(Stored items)
Start of Block

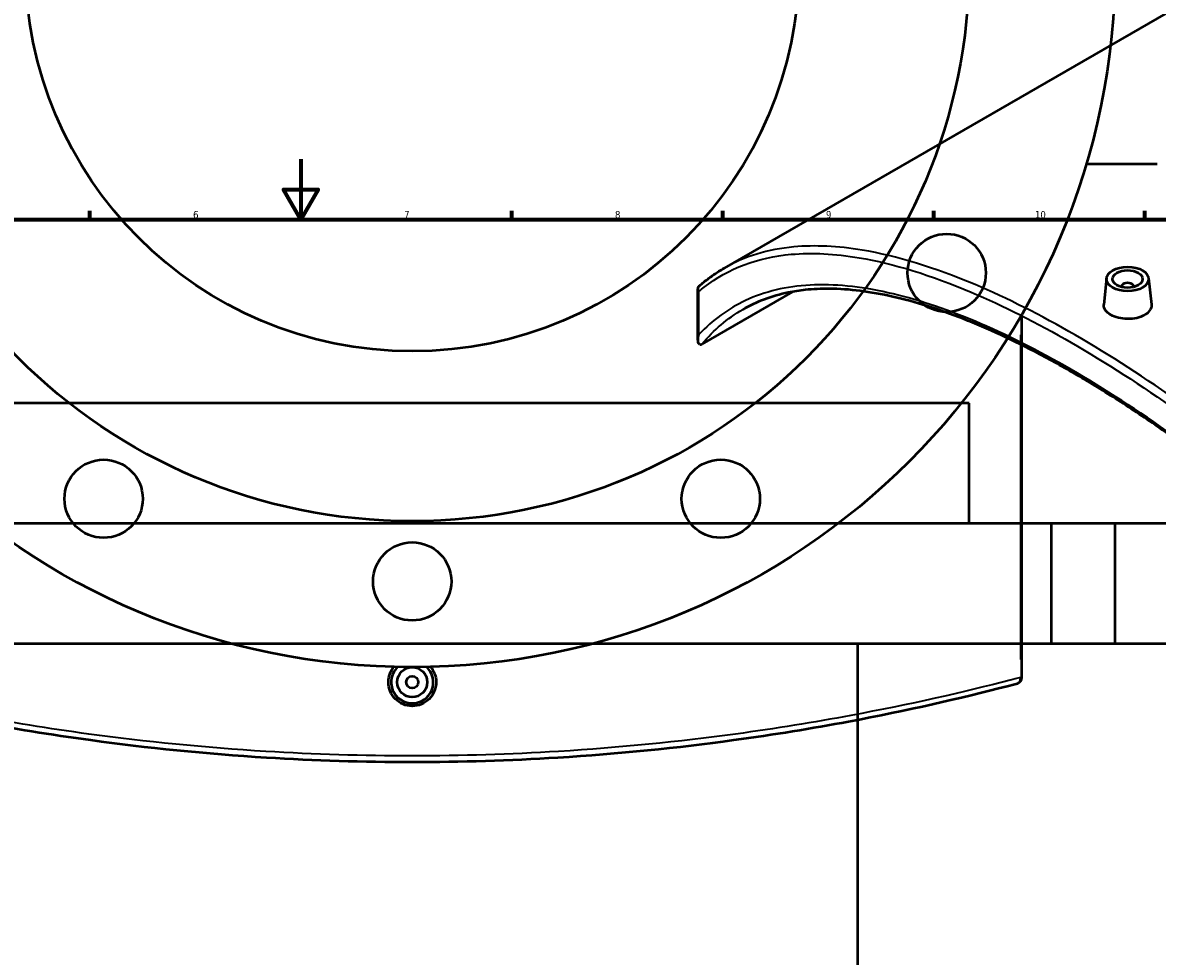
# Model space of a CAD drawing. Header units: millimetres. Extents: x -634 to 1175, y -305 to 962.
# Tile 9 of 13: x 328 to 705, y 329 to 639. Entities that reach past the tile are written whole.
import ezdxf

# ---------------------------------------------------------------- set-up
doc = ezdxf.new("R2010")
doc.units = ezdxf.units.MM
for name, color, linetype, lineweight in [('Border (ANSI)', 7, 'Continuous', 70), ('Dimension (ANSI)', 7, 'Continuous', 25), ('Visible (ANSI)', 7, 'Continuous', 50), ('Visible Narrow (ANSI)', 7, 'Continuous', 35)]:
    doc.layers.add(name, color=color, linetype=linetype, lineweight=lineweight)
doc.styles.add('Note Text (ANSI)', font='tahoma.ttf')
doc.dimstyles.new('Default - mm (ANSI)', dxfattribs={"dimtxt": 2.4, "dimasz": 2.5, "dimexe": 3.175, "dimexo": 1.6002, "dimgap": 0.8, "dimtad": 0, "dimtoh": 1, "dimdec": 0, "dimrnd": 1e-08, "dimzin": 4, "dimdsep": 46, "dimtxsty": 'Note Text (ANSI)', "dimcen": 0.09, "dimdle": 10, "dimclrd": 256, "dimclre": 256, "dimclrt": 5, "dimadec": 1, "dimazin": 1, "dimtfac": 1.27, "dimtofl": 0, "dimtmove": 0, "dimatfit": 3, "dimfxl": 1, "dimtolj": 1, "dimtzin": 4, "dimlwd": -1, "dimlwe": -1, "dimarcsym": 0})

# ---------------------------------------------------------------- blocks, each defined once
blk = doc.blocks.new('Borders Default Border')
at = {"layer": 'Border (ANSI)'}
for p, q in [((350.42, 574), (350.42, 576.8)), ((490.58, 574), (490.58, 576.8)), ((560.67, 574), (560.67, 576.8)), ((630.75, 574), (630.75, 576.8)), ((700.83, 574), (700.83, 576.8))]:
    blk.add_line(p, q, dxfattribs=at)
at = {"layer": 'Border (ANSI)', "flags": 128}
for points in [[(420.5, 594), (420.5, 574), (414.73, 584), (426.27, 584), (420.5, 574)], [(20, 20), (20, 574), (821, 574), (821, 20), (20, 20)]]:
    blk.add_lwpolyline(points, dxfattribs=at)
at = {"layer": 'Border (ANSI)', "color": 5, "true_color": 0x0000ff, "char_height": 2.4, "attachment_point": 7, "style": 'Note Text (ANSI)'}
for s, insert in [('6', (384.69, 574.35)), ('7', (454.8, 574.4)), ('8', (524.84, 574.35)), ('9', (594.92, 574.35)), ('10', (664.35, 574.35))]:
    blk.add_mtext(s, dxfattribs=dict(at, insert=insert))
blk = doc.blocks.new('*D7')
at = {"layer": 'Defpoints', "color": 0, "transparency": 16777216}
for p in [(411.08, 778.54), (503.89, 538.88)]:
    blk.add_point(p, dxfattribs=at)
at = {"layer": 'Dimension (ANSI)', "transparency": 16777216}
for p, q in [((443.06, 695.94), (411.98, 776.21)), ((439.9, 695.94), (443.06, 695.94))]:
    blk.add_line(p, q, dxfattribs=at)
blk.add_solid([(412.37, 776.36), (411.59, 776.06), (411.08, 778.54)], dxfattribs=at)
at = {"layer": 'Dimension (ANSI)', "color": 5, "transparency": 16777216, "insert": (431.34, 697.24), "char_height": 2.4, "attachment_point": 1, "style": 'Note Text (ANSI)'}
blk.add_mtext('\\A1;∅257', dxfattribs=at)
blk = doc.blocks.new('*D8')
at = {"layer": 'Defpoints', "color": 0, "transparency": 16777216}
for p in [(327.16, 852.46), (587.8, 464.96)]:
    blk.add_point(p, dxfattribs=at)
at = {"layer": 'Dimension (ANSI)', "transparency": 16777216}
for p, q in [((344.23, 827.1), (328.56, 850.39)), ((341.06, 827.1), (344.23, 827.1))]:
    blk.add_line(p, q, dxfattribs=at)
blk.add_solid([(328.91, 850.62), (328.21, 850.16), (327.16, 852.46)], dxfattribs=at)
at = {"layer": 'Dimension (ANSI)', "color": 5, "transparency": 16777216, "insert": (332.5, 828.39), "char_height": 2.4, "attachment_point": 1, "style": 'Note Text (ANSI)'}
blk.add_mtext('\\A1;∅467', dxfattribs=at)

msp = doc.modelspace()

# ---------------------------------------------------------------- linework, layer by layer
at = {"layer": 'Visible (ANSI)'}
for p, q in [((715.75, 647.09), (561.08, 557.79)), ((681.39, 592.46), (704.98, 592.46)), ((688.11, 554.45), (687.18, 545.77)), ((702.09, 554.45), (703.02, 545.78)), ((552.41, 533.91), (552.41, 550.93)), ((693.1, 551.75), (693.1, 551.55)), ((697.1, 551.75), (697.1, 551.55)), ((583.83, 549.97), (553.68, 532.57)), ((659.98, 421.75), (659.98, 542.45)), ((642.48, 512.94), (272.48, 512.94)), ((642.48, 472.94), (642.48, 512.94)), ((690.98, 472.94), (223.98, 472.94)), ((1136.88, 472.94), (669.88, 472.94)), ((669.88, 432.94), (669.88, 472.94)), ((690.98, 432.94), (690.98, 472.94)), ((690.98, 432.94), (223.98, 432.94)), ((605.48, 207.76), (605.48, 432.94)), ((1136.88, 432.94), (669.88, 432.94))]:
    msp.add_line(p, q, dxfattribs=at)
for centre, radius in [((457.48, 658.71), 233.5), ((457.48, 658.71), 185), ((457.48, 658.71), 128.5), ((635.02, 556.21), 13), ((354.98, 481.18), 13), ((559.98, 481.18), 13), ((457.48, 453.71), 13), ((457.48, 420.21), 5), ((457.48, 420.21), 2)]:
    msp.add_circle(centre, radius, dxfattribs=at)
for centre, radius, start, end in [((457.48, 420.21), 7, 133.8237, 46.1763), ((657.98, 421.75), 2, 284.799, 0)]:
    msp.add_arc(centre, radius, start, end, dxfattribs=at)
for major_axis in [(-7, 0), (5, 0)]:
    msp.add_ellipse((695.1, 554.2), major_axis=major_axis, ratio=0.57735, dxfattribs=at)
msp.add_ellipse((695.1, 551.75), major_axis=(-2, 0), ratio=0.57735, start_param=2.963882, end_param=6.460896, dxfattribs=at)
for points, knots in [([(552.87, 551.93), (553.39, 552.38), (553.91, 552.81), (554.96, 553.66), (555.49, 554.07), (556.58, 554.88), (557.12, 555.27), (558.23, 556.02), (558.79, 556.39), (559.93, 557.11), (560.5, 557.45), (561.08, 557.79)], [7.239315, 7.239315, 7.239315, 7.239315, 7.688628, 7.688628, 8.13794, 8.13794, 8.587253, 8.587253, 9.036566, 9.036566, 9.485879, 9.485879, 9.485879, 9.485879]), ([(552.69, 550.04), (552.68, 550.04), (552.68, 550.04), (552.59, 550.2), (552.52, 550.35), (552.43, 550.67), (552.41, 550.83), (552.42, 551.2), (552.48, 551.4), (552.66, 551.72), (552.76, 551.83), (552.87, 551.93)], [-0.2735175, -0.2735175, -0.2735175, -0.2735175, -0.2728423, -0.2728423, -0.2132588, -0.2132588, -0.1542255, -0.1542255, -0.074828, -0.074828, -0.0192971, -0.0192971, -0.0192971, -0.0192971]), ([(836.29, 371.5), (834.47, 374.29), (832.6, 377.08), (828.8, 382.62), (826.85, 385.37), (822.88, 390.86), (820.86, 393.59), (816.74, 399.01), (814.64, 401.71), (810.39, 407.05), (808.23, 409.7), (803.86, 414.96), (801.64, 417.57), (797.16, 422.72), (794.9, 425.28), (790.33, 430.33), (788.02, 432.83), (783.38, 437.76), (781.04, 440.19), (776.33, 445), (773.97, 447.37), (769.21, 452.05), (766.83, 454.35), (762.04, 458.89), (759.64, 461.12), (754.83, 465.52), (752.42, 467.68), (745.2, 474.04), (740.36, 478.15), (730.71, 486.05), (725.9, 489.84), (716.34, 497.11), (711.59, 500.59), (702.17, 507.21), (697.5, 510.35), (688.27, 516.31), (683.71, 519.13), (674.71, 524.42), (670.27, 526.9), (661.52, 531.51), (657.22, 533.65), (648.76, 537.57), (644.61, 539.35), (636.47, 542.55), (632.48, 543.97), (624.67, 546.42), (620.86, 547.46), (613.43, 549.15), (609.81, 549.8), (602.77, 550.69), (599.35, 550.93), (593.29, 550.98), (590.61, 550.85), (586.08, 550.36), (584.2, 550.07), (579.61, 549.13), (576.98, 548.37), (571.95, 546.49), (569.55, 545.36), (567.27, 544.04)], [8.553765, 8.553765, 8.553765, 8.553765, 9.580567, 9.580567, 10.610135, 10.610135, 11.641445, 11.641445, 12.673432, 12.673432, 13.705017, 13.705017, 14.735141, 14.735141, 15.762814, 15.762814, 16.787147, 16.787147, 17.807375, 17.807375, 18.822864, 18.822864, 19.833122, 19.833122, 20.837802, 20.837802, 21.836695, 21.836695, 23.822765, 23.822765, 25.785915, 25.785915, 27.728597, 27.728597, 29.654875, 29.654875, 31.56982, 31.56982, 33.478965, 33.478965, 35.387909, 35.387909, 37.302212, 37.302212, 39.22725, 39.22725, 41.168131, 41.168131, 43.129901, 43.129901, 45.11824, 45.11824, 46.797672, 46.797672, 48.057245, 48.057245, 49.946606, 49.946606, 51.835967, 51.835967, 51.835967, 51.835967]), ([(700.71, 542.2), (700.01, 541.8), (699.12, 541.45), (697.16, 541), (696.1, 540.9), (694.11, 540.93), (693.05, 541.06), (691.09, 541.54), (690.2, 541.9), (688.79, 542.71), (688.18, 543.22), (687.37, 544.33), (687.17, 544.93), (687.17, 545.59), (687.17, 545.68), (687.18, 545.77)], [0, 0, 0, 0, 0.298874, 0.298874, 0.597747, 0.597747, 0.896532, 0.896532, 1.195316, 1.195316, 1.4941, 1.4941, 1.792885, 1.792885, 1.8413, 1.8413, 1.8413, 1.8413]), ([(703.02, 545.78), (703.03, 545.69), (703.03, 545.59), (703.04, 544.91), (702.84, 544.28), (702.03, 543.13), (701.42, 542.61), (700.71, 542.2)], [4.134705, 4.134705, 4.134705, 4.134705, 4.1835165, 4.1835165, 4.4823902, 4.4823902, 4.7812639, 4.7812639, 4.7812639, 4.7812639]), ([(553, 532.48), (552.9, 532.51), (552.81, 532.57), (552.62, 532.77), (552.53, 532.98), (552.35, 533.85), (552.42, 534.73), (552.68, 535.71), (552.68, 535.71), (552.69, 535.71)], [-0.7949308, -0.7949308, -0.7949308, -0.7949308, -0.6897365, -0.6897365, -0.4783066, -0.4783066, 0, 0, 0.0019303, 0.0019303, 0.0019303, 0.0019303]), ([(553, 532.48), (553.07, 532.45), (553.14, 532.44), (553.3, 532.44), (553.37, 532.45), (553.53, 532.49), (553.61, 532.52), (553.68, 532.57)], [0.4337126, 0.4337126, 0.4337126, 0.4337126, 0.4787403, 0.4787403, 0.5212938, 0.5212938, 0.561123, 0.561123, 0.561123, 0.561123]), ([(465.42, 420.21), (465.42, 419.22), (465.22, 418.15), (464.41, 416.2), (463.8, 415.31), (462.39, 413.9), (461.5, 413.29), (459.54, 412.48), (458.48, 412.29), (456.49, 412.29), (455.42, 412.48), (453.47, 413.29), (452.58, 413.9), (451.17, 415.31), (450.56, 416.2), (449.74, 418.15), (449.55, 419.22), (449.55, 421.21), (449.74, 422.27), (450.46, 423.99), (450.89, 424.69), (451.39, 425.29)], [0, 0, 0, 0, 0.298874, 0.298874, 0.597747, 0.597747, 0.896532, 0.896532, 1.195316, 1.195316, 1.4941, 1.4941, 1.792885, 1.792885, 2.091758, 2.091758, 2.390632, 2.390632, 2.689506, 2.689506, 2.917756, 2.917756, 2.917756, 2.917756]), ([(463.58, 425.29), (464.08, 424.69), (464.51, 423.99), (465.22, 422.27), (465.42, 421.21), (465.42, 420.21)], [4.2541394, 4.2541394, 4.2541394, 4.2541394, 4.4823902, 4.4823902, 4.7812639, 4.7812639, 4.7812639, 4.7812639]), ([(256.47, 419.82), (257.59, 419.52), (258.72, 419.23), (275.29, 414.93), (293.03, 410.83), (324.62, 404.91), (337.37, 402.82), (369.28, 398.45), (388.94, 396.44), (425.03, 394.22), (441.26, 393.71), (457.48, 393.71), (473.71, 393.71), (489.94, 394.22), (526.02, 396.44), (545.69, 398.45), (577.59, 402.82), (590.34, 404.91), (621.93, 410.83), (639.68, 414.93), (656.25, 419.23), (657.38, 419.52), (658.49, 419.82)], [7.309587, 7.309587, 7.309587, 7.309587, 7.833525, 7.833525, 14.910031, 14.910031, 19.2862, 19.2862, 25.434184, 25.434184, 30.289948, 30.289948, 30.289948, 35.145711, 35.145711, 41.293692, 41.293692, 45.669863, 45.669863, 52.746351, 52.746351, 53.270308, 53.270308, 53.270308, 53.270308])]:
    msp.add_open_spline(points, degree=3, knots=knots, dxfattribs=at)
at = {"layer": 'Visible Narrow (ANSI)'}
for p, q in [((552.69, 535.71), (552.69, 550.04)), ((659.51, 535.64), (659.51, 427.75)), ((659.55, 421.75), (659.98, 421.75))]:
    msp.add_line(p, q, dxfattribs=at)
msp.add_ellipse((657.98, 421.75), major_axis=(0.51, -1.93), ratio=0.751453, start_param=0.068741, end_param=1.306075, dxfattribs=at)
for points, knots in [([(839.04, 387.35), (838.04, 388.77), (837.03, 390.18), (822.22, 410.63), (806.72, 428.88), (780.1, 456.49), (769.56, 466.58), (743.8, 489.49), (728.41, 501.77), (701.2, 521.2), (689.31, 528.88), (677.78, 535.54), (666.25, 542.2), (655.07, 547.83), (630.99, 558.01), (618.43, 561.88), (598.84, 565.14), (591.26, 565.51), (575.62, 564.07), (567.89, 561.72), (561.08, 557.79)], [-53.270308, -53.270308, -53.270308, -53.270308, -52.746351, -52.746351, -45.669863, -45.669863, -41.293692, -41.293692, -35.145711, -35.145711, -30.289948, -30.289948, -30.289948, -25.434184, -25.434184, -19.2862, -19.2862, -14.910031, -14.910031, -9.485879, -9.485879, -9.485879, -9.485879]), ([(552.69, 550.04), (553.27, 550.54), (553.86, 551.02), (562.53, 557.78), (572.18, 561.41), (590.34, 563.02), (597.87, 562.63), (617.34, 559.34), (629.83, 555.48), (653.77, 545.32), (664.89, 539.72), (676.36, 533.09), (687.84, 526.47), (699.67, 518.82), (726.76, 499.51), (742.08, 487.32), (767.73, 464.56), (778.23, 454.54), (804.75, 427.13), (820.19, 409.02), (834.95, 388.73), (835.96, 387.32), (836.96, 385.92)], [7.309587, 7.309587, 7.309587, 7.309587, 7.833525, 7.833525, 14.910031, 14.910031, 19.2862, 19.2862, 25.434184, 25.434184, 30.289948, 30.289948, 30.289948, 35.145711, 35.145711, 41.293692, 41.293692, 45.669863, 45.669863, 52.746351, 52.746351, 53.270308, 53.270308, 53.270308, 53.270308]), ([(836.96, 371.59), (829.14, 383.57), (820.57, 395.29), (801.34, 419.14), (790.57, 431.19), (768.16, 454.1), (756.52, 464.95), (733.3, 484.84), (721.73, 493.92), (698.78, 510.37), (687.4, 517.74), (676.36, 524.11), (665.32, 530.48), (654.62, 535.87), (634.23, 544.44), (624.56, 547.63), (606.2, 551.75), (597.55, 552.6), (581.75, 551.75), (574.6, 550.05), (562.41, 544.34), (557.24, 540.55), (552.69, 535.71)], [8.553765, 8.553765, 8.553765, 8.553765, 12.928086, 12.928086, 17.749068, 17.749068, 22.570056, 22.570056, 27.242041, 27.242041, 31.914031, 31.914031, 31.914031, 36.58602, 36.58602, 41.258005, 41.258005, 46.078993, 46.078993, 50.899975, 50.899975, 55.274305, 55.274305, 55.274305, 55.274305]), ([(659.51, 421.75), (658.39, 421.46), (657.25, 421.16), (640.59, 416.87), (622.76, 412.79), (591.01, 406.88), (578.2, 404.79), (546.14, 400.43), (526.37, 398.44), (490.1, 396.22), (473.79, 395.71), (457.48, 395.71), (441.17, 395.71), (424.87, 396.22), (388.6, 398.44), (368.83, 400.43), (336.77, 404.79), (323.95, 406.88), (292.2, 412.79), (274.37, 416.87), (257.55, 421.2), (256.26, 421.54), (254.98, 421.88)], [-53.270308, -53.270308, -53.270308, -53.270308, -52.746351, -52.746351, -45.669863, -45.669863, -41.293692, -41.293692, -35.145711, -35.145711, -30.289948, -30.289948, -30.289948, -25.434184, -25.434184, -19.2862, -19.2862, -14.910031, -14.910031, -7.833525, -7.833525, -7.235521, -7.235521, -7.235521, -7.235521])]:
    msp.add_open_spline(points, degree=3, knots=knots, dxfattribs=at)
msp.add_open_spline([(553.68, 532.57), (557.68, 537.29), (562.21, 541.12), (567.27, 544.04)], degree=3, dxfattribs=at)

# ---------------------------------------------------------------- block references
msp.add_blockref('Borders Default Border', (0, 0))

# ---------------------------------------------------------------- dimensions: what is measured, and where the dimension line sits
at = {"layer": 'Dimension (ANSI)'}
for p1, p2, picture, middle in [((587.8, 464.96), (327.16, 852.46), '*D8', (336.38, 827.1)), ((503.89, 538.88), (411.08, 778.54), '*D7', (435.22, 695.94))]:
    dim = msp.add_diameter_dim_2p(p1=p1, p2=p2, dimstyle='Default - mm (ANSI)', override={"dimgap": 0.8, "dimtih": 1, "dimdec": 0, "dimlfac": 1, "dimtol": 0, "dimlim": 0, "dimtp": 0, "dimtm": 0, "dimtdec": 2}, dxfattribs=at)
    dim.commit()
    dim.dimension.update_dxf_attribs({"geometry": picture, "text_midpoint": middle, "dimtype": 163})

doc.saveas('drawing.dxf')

End of Block

__EXERCISE DESCRIPTION__. Keep only the lines from the one containing "dimension line sits" through the final line of the records, and transcribe them exactly.

__ANSWER TO THE PROBLEM__.
# ---------------------------------------------------------------- dimensions: what is measured, and where the dimension line sits
at = {"layer": 'Dimension (ANSI)'}
for p1, p2, picture, middle in [((587.8, 464.96), (327.16, 852.46), '*D8', (336.38, 827.1)), ((503.89, 538.88), (411.08, 778.54), '*D7', (435.22, 695.94))]:
    dim = msp.add_diameter_dim_2p(p1=p1, p2=p2, dimstyle='Default - mm (ANSI)', override={"dimgap": 0.8, "dimtih": 1, "dimdec": 0, "dimlfac": 1, "dimtol": 0, "dimlim": 0, "dimtp": 0, "dimtm": 0, "dimtdec": 2}, dxfattribs=at)
    dim.commit()
    dim.dimension.update_dxf_attribs({"geometry": picture, "text_midpoint": middle, "dimtype": 163})

doc.saveas('drawing.dxf')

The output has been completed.